OSHAWA
COURT FILE NO.: 73847/11
DATE: 20130618
SUPERIOR COURT OF JUSTICE – ONTARIO
RE: Raymond Chauvette, Plaintiff
and
Madonna Massey and Gore Mutual Insurance Company, Defendants
BEFORE: The Honourable Madam Justice M.E. Vallee
COUNSEL:
Sandor Csanyi, for the Plaintiff
Brett D. Kodak, for the Defendants
HEARD: June 7, 2013
ENDORSEMENT
[1] This is a motion brought by the defendants to enforce a settlement agreement regarding payment of accident benefits.
Background
[2] The plaintiff was involved in a motor vehicle accident on July 2, 2009. There was a dispute regarding his entitlement to accident benefits. An application for mediation, dated April 25, 2011, was filed with the Financial Services Commission of Ontario (FSCO). Counsel began settlement negotiations in June, 2012. Prior to the mediation’s being scheduled, the plaintiff issued a statement of claim on June 21, 2011. The statement of defence was filed on October 13, 2011. The FSCO mediation was scheduled for July 5, 2012. It was adjourned to July 9, 2012 at 5:00 pm as negotiations were continuing. In the afternoon of July 9, 2012, before the mediation occurred, a settlement was reached in the amount of $33,250. The mediator was advised of the settlement and issued a report dated July 9, 2012 confirming the settlement.
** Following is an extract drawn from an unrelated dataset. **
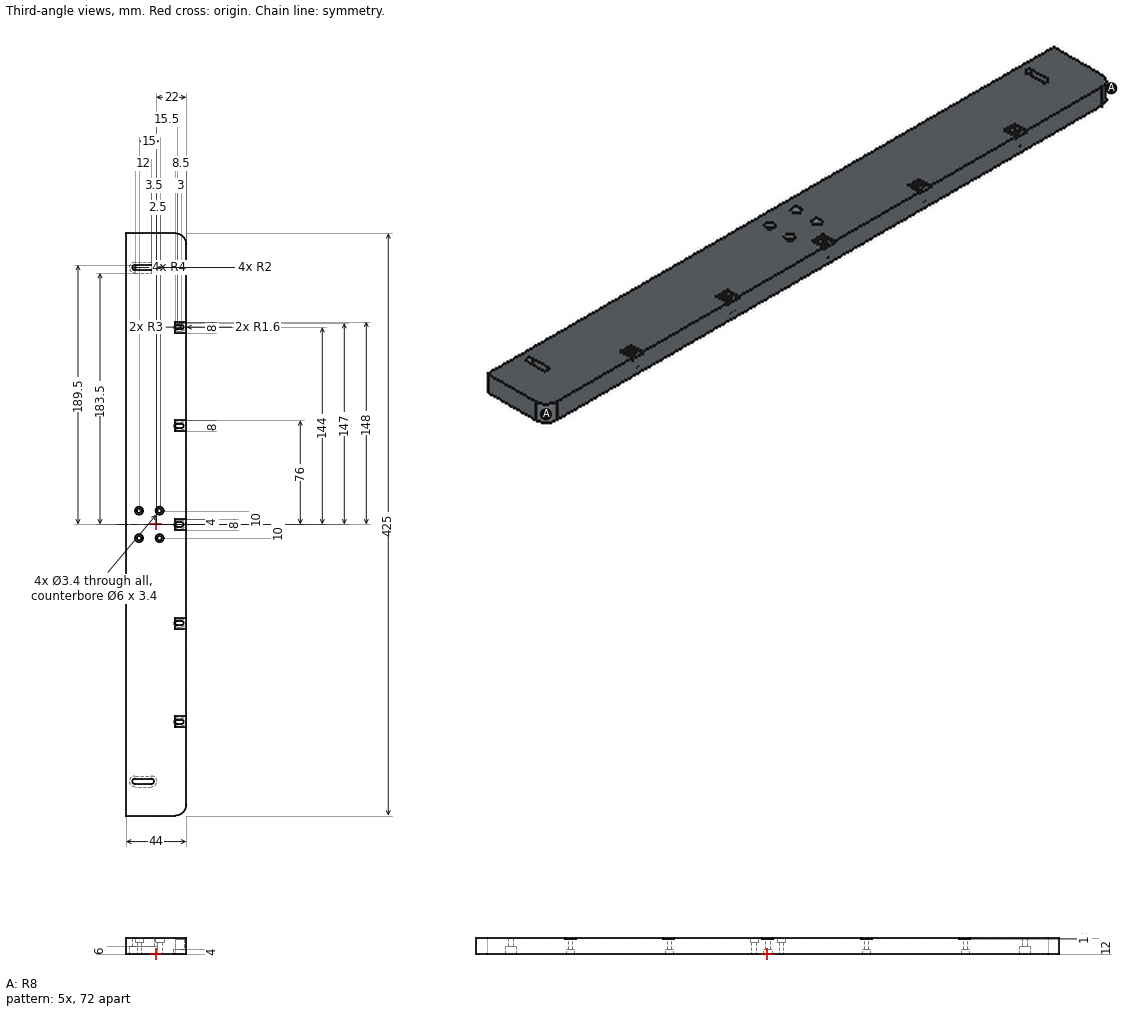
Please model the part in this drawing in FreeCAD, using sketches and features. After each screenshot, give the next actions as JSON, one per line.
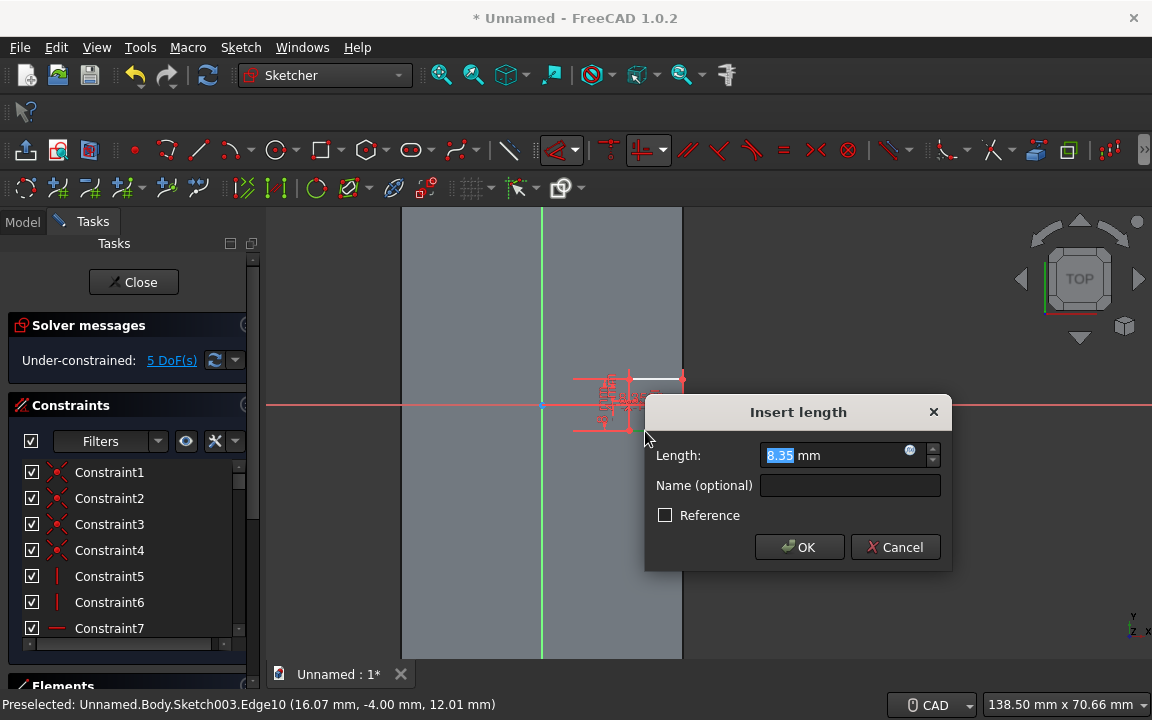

[3] On July 10, 2012, the defendants wrote to the plaintiff and enclosed the documents required to be signed to effect the settlement. The plaintiff requested that a settlement disclosure notice be sent for signature. The defendants replied that it was not necessary because the file was in litigation as opposed to arbitration. Subsequently, the defendants decided they wanted the plaintiff to sign a settlement disclosure notice and sent one to the plaintiff. The notice is required to contain a statement that the insured person may rescind the settlement within two days after signing the notice or the release, whichever is later, by delivering a written notice to the insurer’s representative.
[4] On July 11, 2012, the plaintiff wrote to the defendants and stated that he was unable to effect the settlement as there were inconsistencies between the plaintiff’s information and the benefits that had been paid. The plaintiff requested a full copy of his accident benefits file. This was provided by the defendants. The defendants wrote three letters to the plaintiff, dated July 12, 2012, August 14, 2012 and September 14, 2012, requesting the signed settlement documents. The plaintiff did not respond.
[5] The plaintiff retained new counsel on September 28, 2012 who wrote to the defendants to advise of this. The defendants sent five letters to the plaintiff, dated November 6, 2012, November 26, 2012, December 7, 2012, February 1, 2013 and February 15, 2013, to inquire about the settlement documents. The plaintiff did not respond to those letters. The defendants then brought this motion.
Issue
[6] Was the settlement agreement reached during mediation such that Regulation 664, 9.1(1)(5) of the Insurance Act, Automobile Insurance R.R.O. 1990 applies? This section allows a claimant a two day “cooling off” period in which he or she may rescind acceptance of the settlement offer. Was the settlement reached during litigation such that the regulation does not apply?
Analysis
[7] The defendants argue that the settlement was reached during the litigation process and not during mediation, as it was not reached as a result of the FSCO mediation. Settlement negotiations began prior to mediation. Therefore, the Regulation does not apply and the two day cooling off period is not available to the plaintiff. The settlement that was reached on July 9, 2012 is binding on the plaintiff and ought to be enforced.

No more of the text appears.